--- DIRECTIONS ---
Within the entries below, the lines from the one with "3. sneaker (320,149,393,237)" through the one with "15. boat shoe (135,115,269,187)" are to be set down exactly, both ends kept.

--- INFORMATION GIVEN ---
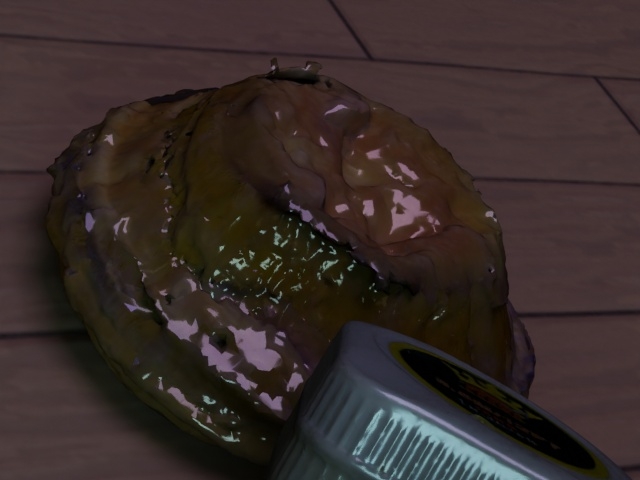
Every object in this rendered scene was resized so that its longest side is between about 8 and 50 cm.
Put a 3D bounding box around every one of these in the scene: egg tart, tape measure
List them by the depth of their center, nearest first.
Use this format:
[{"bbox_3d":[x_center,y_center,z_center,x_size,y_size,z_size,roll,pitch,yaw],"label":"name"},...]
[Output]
[{"bbox_3d":[0.088,0.144,1.001,0.235,0.115,0.207,30,5,-2],"label":"tape measure"},{"bbox_3d":[0.000,0.000,1.213,0.352,0.150,0.352,22,36,-17],"label":"egg tart"}]
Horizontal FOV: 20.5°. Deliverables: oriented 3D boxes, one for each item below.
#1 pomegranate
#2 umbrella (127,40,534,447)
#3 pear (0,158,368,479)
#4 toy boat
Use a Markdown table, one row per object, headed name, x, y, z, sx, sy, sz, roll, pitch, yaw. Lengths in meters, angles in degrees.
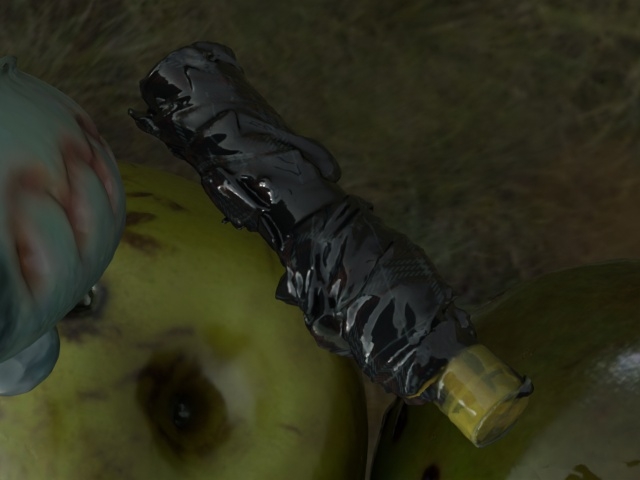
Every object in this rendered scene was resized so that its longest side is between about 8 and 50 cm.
| name | x | y | z | sx | sy | sz | roll | pitch | yaw |
| --- | --- | --- | --- | --- | --- | --- | --- | --- | --- |
| pomegranate | 0.125 | 0.172 | 0.824 | 0.323 | 0.291 | 0.291 | -40 | 98 | -10 |
| umbrella | 0.000 | 0.000 | 0.477 | 0.040 | 0.037 | 0.144 | -43 | 65 | -2 |
| pear | -0.109 | 0.096 | 0.818 | 0.284 | 0.283 | 0.283 | 2 | 84 | -19 |
| toy boat | -0.100 | 0.023 | 0.404 | 0.134 | 0.207 | 0.079 | -38 | 100 | 5 |
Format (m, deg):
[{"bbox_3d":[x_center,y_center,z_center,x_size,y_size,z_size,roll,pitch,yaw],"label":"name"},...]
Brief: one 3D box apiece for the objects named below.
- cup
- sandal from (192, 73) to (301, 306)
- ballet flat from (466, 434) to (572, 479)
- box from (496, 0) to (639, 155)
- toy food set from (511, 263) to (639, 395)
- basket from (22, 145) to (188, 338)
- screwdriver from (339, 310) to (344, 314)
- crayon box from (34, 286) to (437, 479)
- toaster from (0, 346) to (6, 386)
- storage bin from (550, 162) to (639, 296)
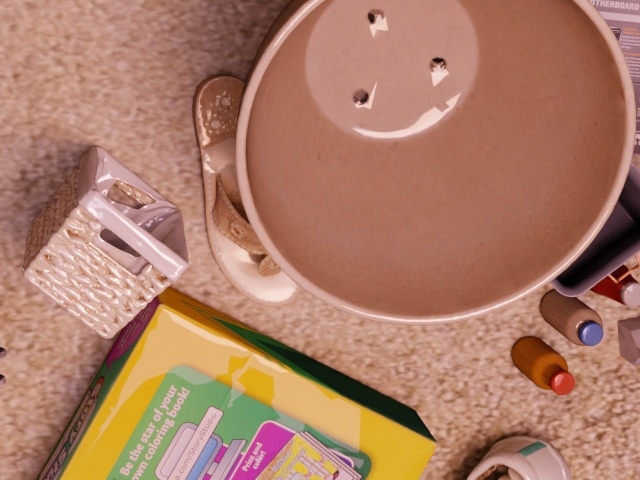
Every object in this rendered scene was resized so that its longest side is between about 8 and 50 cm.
[{"bbox_3d":[0.081,-0.124,1.245,0.331,0.237,0.331,-3,116,-6],"label":"cup"},{"bbox_3d":[-0.068,-0.035,1.333,0.088,0.079,0.240,-17,107,-8],"label":"sandal"},{"bbox_3d":[0.123,0.376,1.441,0.139,0.139,0.400,26,95,-17],"label":"ballet flat"},{"bbox_3d":[0.278,-0.178,1.383,0.231,0.056,0.183,3,102,-13],"label":"box"},{"bbox_3d":[0.317,0.082,1.431,0.232,0.104,0.111,-10,106,-10],"label":"toy food set"},{"bbox_3d":[-0.195,0.001,1.273,0.113,0.167,0.103,40,99,-18],"label":"basket"},{"bbox_3d":[0.000,0.000,1.385,0.024,0.025,0.170,-19,106,-7],"label":"screwdriver"},{"bbox_3d":[-0.114,0.268,1.386,0.313,0.106,0.363,29,97,-16],"label":"crayon box"},{"bbox_3d":[-0.376,0.101,1.254,0.186,0.168,0.110,-7,106,-11],"label":"toaster"},{"bbox_3d":[0.271,-0.004,1.399,0.135,0.091,0.098,-37,85,0],"label":"storage bin"}]
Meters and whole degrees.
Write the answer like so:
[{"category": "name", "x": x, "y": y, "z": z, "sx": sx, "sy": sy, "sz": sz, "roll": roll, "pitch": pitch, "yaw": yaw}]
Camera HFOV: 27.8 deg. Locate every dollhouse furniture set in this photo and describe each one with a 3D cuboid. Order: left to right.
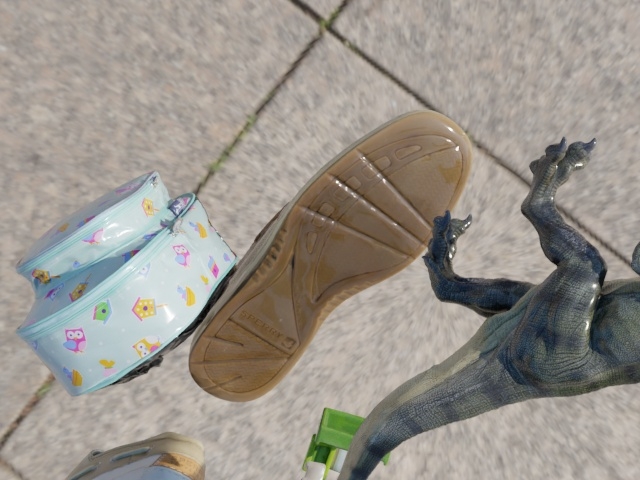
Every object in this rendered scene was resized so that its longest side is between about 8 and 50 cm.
[{"category": "dollhouse furniture set", "x": 0.008, "y": 0.207, "z": 1.024, "sx": 0.058, "sy": 0.076, "sz": 0.152, "roll": 18, "pitch": 111, "yaw": 0}]

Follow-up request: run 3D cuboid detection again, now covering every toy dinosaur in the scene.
[{"category": "toy dinosaur", "x": 0.102, "y": 0.029, "z": 0.605, "sx": 0.268, "sy": 0.064, "sz": 0.118, "roll": -24, "pitch": 71, "yaw": 20}]

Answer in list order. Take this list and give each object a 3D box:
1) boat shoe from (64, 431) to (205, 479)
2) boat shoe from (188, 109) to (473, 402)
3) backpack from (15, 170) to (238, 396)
[{"category": "boat shoe", "x": -0.209, "y": 0.270, "z": 1.295, "sx": 0.113, "sy": 0.302, "sz": 0.103, "roll": 40, "pitch": 51, "yaw": -26}, {"category": "boat shoe", "x": 0.000, "y": 0.000, "z": 1.210, "sx": 0.123, "sy": 0.123, "sz": 0.342, "roll": 34, "pitch": 108, "yaw": -19}, {"category": "backpack", "x": -0.171, "y": 0.039, "z": 1.095, "sx": 0.165, "sy": 0.188, "sz": 0.144, "roll": -29, "pitch": 111, "yaw": 19}]
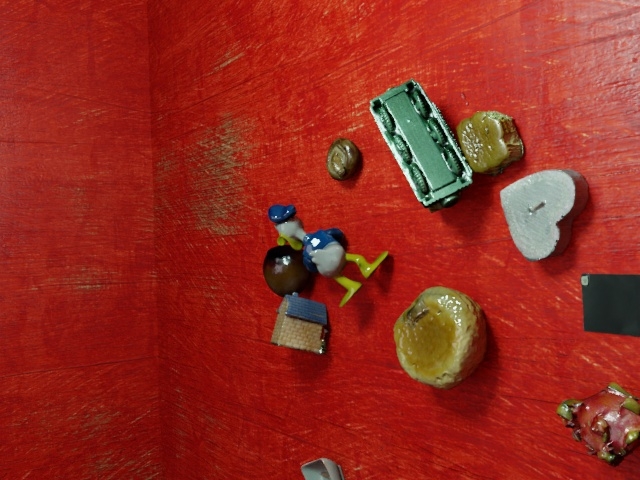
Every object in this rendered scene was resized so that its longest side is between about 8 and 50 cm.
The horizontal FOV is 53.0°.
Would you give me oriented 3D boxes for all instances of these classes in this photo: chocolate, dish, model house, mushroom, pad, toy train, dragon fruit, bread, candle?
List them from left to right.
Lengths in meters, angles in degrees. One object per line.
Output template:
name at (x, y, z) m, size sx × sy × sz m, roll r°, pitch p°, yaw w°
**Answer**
chocolate at (-0.101, 0.101, 2.034) m, size 0.176 × 0.176 × 0.177 m, roll 4°, pitch 95°, yaw 55°
model house at (-0.066, 0.254, 1.993) m, size 0.183 × 0.166 × 0.172 m, roll 163°, pitch 118°, yaw -69°
dish at (0.029, 0.764, 1.928) m, size 0.151 × 0.077 × 0.213 m, roll -43°, pitch 58°, yaw 49°
mushroom at (0.059, -0.233, 1.829) m, size 0.127 × 0.087 × 0.127 m, roll 6°, pitch 98°, yaw 51°
toy train at (0.239, -0.209, 1.503) m, size 0.138 × 0.178 × 0.331 m, roll -26°, pitch 69°, yaw 5°
bread at (0.285, 0.221, 1.490) m, size 0.244 × 0.134 × 0.245 m, roll -4°, pitch 85°, yaw 55°
bread at (0.370, -0.216, 1.399) m, size 0.128 × 0.069 × 0.140 m, roll -33°, pitch 66°, yaw 50°
candle at (0.442, -0.064, 1.302) m, size 0.168 × 0.068 × 0.192 m, roll 41°, pitch 122°, yaw 43°
dragon fruit at (0.515, 0.333, 1.163) m, size 0.207 × 0.133 × 0.150 m, roll 7°, pitch 105°, yaw 65°
pad at (0.569, 0.119, 1.185) m, size 0.193 × 0.004 × 0.116 m, roll -2°, pitch 90°, yaw 54°

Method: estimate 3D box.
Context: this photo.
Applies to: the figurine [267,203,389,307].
figurine at (0.000, 0.000, 1.811) m, size 0.338 × 0.283 × 0.205 m, roll 39°, pitch 97°, yaw 0°
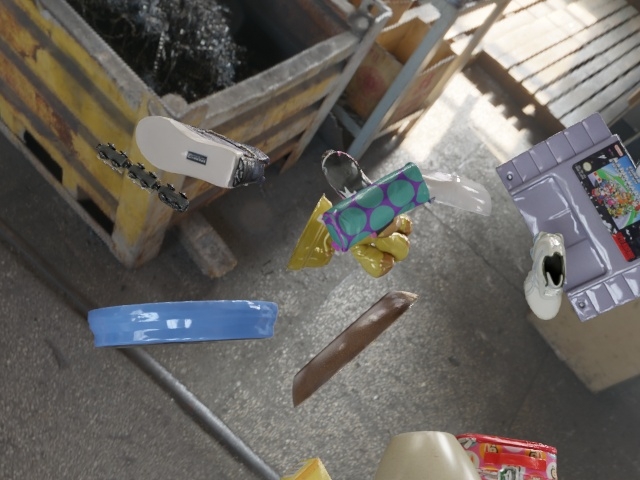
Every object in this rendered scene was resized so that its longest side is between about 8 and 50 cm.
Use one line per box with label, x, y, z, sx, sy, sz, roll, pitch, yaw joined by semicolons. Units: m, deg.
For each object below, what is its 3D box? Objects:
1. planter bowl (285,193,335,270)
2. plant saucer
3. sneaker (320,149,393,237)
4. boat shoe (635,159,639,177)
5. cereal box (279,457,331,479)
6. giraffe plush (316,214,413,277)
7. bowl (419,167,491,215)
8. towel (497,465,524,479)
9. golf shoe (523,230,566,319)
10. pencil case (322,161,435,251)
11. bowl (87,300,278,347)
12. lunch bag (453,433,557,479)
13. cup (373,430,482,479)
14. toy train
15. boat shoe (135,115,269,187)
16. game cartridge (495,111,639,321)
planter bowl;0.000;0.000;1.508;0.090;0.217;0.217;27;51;1
plant saucer;0.056;0.191;1.123;0.050;0.311;0.310;48;51;9
sneaker;0.061;-0.088;1.016;0.178;0.072;0.077;56;2;-28
boat shoe;0.642;-0.181;1.134;0.183;0.065;0.083;-25;60;-17
cereal box;-0.009;0.431;0.768;0.173;0.047;0.240;-30;89;-43
giraffe plush;0.105;-0.045;1.256;0.210;0.170;0.182;16;63;-4
bowl;0.228;-0.090;1.084;0.142;0.142;0.053;11;96;-41
towel;0.157;0.234;0.398;0.152;0.023;0.113;67;14;14
golf shoe;0.402;0.075;1.071;0.069;0.176;0.086;-4;24;11
pencil case;0.078;-0.045;0.829;0.151;0.070;0.064;-30;65;-11
bowl;-0.284;0.181;1.273;0.391;0.391;0.077;2;79;-26
lunch bag;0.522;0.636;1.745;0.293;0.258;0.120;10;67;-3
cup;0.269;0.623;1.534;0.331;0.331;0.237;11;59;-21
toy train;-0.245;-0.087;0.830;0.158;0.036;0.027;34;72;10
boat shoe;-0.288;-0.214;1.493;0.340;0.127;0.158;27;17;23
game cartridge;0.532;-0.047;1.186;0.355;0.230;0.068;62;24;7
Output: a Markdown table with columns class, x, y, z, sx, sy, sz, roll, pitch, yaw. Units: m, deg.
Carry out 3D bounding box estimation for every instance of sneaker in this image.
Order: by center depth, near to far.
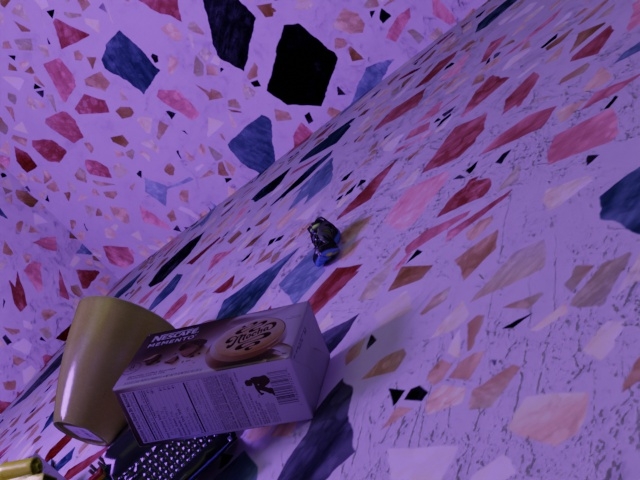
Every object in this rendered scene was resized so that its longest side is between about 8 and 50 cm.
| class | x | y | z | sx | sy | sz | roll | pitch | yaw |
| --- | --- | --- | --- | --- | --- | --- | --- | --- | --- |
| sneaker | 0.000 | 0.000 | 1.880 | 0.067 | 0.078 | 0.188 | -39 | 14 | 17 |

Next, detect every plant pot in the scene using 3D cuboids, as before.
| class | x | y | z | sx | sy | sz | roll | pitch | yaw |
| --- | --- | --- | --- | --- | --- | --- | --- | --- | --- |
| plant pot | -0.509 | 0.325 | 2.020 | 0.275 | 0.275 | 0.293 | -27 | 37 | 50 |

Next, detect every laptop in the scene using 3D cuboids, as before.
| class | x | y | z | sx | sy | sz | roll | pitch | yaw |
| --- | --- | --- | --- | --- | --- | --- | --- | --- | --- |
| laptop | -0.270 | 0.354 | 1.396 | 0.234 | 0.136 | 0.264 | -42 | 49 | 1 |

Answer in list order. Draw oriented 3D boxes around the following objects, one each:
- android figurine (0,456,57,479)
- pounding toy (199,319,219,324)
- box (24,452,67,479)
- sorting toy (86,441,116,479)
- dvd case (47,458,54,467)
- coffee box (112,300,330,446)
| class | x | y | z | sx | sy | sz | roll | pitch | yaw |
| --- | --- | --- | --- | --- | --- | --- | --- | --- | --- |
| android figurine | -0.620 | 0.562 | 1.696 | 0.273 | 0.056 | 0.248 | -14 | 56 | 20 |
| pounding toy | -0.314 | 0.254 | 1.745 | 0.154 | 0.154 | 0.269 | -4 | 34 | 33 |
| box | -0.686 | 0.601 | 1.895 | 0.181 | 0.119 | 0.182 | -35 | 15 | 30 |
| sorting toy | -0.427 | 0.459 | 1.747 | 0.132 | 0.046 | 0.274 | -43 | 13 | -1 |
| dvd case | -0.724 | 0.615 | 2.193 | 0.087 | 0.013 | 0.119 | -45 | 14 | -9 |
| coffee box | -0.152 | 0.211 | 1.345 | 0.297 | 0.118 | 0.168 | -13 | 23 | 17 |
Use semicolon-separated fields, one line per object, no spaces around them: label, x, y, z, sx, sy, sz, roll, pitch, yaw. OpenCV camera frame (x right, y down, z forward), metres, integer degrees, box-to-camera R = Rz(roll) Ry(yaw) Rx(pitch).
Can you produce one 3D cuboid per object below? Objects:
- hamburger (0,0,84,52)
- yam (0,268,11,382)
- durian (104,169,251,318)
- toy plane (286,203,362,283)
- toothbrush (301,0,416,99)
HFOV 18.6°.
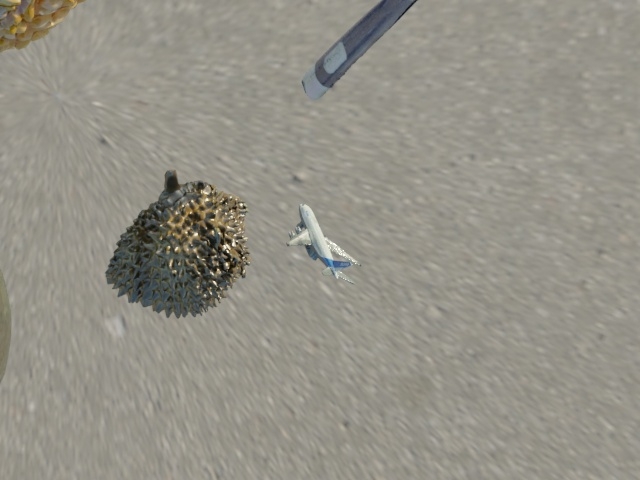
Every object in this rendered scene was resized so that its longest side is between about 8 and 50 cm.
hamburger;-0.266;-0.286;1.328;0.330;0.250;0.330;0;101;-2
yam;-0.116;0.052;0.236;0.081;0.356;0.081;1;101;6
durian;-0.082;0.007;1.289;0.110;0.140;0.071;-36;66;-20
toy plane;-0.001;0.003;1.505;0.078;0.084;0.024;16;116;-41
toothbrush;0.045;-0.142;1.177;0.026;0.288;0.024;-8;77;-25

--- TASK ANSWER ---
3. sneaker (320,149,393,237)
4. boat shoe (635,159,639,177)
5. cereal box (279,457,331,479)
6. giraffe plush (316,214,413,277)
7. bowl (419,167,491,215)
8. towel (497,465,524,479)
9. golf shoe (523,230,566,319)
10. pencil case (322,161,435,251)
11. bowl (87,300,278,347)
12. lunch bag (453,433,557,479)
13. cup (373,430,482,479)
14. toy train
15. boat shoe (135,115,269,187)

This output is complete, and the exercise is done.